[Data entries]
::::::::::

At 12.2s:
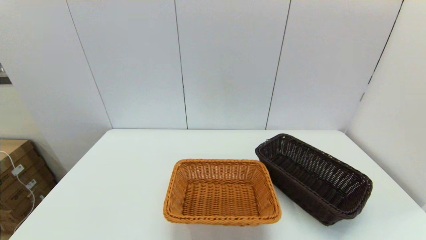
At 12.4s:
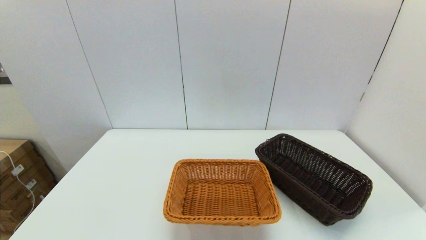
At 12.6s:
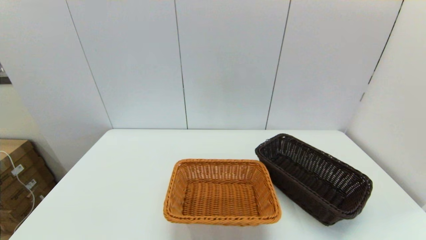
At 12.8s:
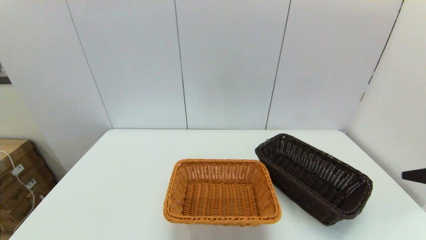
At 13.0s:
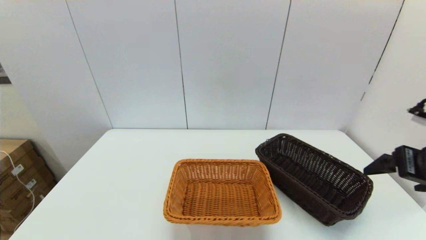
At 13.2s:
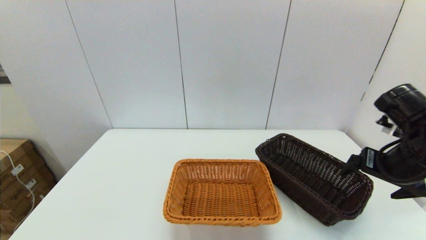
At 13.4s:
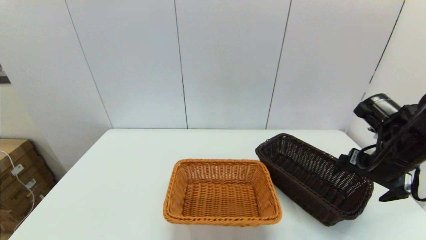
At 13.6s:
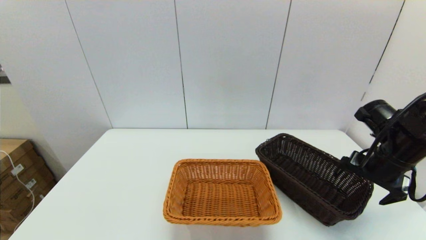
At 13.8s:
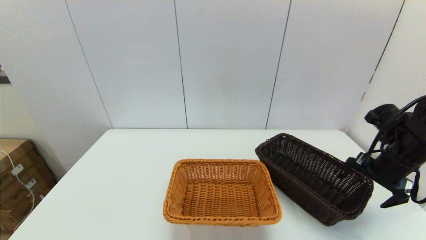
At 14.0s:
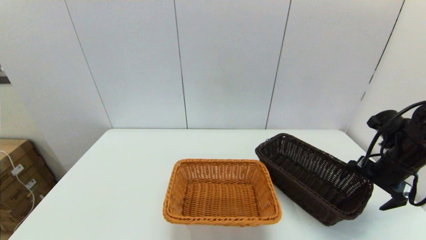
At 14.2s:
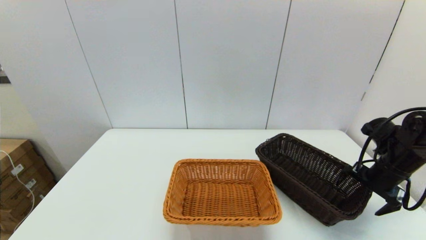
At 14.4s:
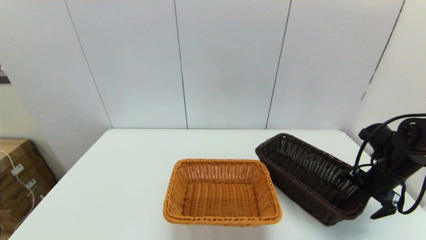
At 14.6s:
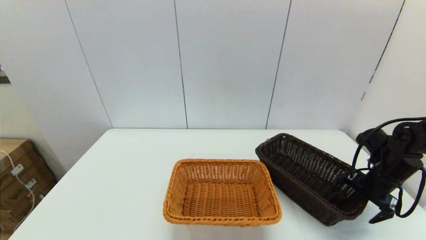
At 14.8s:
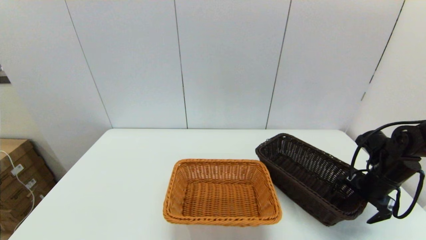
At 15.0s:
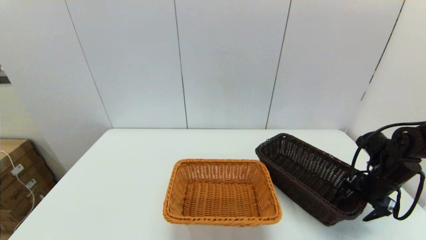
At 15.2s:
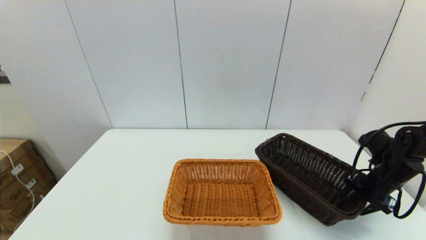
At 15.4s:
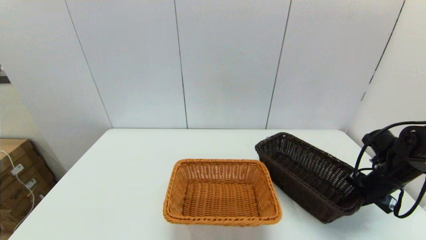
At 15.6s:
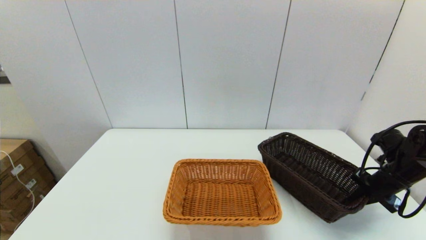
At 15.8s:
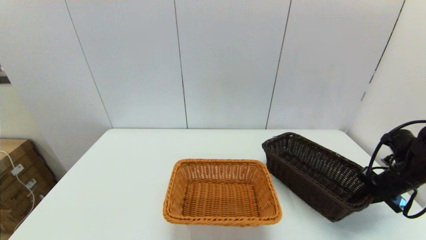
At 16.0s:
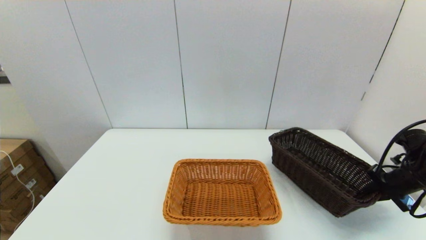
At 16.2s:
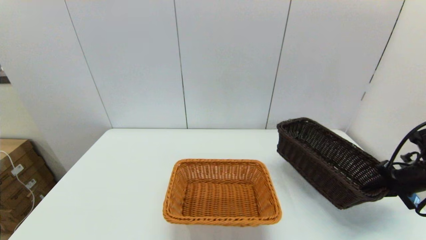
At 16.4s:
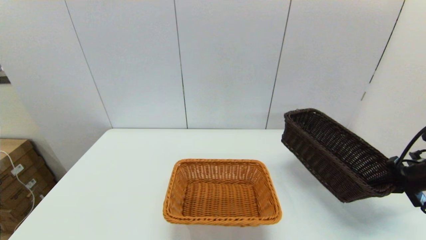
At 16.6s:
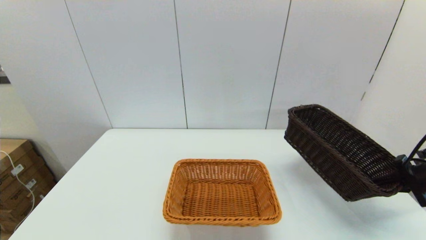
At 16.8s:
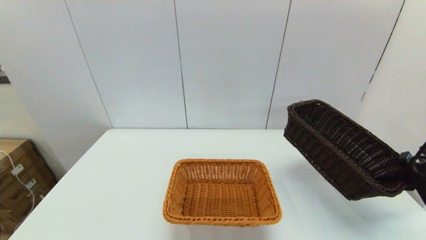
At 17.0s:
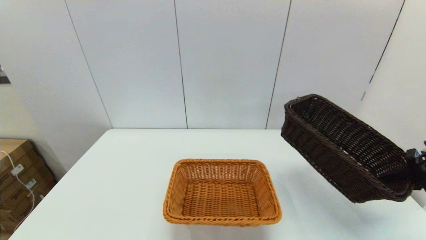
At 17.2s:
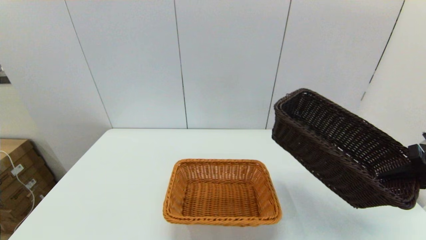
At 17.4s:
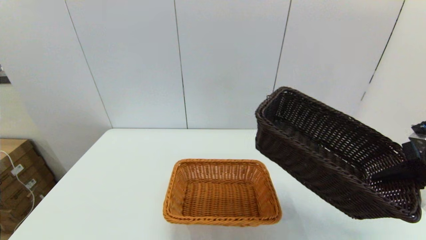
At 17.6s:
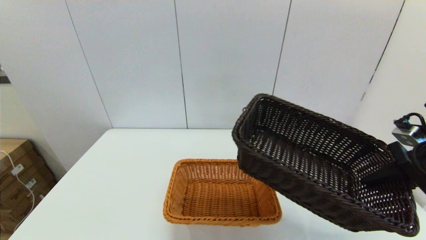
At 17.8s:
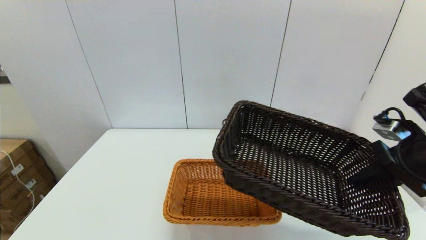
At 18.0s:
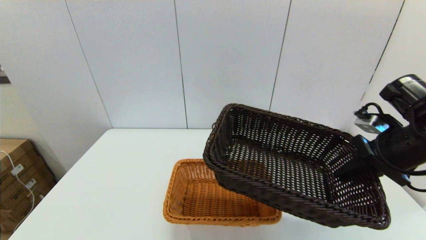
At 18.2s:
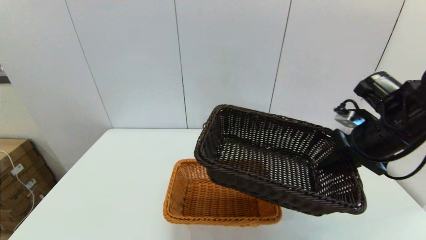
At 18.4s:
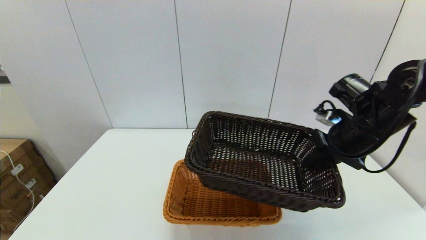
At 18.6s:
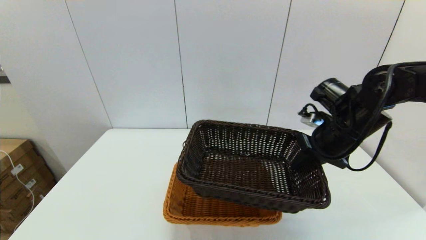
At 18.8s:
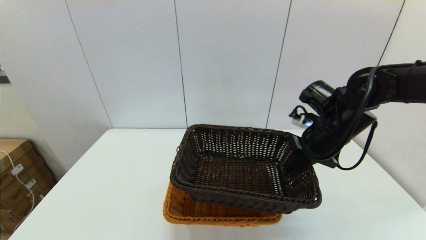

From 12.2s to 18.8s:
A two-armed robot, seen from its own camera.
Task of the whole recording: stack a basket on top of another basket.
Step, from 12.2s to 15.2s: Grasp the dark basket with the right gripper.
From 12.2s to 13.8s: The right gripper moves forward, about 30 cm.
From 13.8s to 15.4s: The right gripper shifts approximately 5 cm downward, and closes up.
From 15.4s to 17.2s: The right gripper travels upward and backward by some 15 cm.
From 17.2s to 18.8s: The right gripper heads to the left and forward, covering approximately 20 cm.

::::::::::

• What to produce
Repeat the data exactly. No pictures should appear.

• Worked solution
At 12.2s:
At 12.4s:
At 12.6s:
At 12.8s:
At 13.0s:
At 13.2s:
At 13.4s:
At 13.6s:
At 13.8s:
At 14.0s:
At 14.2s:
At 14.4s:
At 14.6s:
At 14.8s:
At 15.0s:
At 15.2s:
At 15.4s:
At 15.6s:
At 15.8s:
At 16.0s:
At 16.2s:
At 16.4s:
At 16.6s:
At 16.8s:
At 17.0s:
At 17.2s:
At 17.4s:
At 17.6s:
At 17.8s:
At 18.0s:
At 18.2s:
At 18.4s:
At 18.6s:
At 18.8s:

From 12.2s to 18.8s:
A two-armed robot, seen from its own camera.
Task of the whole recording: stack a basket on top of another basket.
Step, from 12.2s to 15.2s: Grasp the dark basket with the right gripper.
From 12.2s to 13.8s: The right gripper moves forward, about 30 cm.
From 13.8s to 15.4s: The right gripper shifts approximately 5 cm downward, and closes up.
From 15.4s to 17.2s: The right gripper travels upward and backward by some 15 cm.
From 17.2s to 18.8s: The right gripper heads to the left and forward, covering approximately 20 cm.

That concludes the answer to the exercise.